**Input data**:

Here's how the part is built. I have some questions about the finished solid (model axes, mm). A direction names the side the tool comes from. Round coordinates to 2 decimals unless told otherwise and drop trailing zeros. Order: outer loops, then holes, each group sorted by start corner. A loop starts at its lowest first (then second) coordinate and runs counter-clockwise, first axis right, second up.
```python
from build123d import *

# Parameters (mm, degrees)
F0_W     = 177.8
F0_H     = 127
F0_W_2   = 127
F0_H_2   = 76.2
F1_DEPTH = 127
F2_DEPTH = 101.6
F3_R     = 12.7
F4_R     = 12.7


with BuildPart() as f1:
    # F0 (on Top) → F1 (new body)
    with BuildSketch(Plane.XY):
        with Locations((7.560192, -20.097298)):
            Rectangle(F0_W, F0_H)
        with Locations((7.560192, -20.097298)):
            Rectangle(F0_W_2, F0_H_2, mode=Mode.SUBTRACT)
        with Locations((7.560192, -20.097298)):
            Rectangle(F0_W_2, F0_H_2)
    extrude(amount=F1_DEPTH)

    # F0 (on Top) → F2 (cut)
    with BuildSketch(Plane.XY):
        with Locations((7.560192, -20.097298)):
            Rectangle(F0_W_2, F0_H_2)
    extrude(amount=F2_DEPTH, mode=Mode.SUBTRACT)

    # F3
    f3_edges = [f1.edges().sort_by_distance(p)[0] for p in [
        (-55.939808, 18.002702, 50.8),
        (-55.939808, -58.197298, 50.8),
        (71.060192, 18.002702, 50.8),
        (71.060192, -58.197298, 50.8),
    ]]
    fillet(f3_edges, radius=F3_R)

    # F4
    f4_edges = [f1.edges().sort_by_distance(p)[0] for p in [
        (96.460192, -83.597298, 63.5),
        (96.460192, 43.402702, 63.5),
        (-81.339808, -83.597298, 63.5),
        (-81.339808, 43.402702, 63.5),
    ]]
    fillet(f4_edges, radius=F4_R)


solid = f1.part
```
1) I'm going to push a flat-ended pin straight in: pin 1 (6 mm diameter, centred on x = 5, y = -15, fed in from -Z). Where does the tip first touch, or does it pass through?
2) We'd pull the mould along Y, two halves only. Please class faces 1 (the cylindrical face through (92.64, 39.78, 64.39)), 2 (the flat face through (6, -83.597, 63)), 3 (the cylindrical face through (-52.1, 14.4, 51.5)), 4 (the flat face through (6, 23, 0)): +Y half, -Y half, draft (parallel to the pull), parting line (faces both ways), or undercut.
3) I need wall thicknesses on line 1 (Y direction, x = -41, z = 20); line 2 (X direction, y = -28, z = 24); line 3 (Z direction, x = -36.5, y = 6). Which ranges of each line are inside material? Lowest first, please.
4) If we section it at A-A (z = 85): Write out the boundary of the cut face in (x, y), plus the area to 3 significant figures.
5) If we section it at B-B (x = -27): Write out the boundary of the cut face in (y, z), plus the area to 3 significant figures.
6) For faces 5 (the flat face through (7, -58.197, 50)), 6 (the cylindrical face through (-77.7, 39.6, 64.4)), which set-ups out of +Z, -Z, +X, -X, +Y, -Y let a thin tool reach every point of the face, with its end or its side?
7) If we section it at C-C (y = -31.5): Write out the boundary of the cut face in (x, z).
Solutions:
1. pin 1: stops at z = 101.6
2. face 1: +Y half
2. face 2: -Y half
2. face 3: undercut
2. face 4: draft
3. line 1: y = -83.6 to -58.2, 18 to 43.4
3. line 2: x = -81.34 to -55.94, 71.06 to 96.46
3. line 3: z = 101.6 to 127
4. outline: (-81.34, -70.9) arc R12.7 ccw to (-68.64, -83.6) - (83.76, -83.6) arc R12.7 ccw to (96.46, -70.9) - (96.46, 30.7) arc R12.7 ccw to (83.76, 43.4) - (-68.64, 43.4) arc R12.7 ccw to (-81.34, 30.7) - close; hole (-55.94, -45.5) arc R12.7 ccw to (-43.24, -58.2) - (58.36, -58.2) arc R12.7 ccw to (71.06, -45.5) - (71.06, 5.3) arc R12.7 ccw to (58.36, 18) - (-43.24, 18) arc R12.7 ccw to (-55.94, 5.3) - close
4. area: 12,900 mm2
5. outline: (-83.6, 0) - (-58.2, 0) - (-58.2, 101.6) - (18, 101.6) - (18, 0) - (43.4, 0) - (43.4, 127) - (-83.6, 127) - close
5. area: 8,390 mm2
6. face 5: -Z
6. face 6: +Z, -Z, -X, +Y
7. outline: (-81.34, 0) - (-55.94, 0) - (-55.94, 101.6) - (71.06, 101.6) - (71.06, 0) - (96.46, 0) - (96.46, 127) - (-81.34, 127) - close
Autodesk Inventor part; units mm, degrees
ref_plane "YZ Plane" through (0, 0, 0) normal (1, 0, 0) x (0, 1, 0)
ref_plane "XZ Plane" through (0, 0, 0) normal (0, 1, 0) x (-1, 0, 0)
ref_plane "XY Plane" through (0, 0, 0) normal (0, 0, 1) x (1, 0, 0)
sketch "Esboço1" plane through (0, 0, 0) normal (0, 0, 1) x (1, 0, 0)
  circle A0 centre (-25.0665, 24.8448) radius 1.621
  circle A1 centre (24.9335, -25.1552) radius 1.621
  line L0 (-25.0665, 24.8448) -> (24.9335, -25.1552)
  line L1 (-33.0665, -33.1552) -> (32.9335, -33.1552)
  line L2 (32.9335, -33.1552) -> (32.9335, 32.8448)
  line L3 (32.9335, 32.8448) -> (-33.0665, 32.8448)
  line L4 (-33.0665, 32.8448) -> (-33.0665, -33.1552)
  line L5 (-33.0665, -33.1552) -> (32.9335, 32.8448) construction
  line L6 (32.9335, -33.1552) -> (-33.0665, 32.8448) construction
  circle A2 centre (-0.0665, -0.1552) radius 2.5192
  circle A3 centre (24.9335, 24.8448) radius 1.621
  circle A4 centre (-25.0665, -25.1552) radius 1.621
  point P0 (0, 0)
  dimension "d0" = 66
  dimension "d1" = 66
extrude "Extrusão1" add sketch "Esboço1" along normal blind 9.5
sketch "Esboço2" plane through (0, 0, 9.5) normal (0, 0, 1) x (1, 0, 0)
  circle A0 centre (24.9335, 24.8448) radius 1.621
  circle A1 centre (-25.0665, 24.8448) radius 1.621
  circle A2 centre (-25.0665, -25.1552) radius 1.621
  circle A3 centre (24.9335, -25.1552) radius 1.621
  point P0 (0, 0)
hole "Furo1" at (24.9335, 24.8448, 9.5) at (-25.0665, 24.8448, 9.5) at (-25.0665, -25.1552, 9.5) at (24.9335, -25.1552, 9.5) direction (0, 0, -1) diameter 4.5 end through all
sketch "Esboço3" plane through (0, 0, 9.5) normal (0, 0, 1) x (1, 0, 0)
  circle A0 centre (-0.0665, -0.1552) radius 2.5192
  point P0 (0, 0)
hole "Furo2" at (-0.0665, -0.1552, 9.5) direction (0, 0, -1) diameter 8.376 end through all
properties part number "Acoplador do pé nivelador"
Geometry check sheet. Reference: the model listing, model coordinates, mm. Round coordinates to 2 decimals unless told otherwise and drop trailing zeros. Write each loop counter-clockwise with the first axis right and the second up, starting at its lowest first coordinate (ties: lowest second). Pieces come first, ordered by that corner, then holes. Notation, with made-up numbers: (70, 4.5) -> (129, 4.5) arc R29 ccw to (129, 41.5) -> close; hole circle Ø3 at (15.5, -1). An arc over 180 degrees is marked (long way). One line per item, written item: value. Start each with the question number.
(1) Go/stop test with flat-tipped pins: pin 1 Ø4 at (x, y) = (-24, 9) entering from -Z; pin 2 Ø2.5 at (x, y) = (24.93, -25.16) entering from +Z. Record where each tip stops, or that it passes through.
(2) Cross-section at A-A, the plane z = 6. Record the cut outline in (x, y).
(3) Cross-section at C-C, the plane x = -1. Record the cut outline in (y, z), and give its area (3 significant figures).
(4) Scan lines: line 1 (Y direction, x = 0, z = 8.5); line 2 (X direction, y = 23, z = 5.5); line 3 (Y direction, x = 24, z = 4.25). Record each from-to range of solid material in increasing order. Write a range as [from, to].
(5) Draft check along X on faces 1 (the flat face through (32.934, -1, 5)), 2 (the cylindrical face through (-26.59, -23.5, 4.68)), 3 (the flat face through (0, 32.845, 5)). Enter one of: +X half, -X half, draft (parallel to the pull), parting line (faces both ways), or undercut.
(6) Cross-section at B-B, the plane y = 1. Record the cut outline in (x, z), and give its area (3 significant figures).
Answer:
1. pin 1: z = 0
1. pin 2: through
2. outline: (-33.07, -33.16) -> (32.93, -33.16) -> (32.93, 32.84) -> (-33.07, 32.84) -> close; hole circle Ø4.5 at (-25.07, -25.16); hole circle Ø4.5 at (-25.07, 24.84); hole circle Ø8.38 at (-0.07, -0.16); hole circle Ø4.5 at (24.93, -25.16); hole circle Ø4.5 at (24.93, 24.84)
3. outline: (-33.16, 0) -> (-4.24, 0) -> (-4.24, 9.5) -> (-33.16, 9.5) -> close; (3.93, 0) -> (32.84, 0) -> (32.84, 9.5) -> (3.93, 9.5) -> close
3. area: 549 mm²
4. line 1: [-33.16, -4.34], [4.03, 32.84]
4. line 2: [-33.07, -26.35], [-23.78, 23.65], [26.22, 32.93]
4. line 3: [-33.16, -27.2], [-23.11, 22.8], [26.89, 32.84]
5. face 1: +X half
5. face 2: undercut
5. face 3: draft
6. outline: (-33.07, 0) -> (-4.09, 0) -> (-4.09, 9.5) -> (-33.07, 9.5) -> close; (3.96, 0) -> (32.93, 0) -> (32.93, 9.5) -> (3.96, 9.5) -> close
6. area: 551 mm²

**Task**: Your task is to set down exactly the lines from the line containing "4. line 1: [-33.16, -4.34], [4.03, 32.84]" to the end of the data above, including both ends.

**Result of this task**:
4. line 1: [-33.16, -4.34], [4.03, 32.84]
4. line 2: [-33.07, -26.35], [-23.78, 23.65], [26.22, 32.93]
4. line 3: [-33.16, -27.2], [-23.11, 22.8], [26.89, 32.84]
5. face 1: +X half
5. face 2: undercut
5. face 3: draft
6. outline: (-33.07, 0) -> (-4.09, 0) -> (-4.09, 9.5) -> (-33.07, 9.5) -> close; (3.96, 0) -> (32.93, 0) -> (32.93, 9.5) -> (3.96, 9.5) -> close
6. area: 551 mm²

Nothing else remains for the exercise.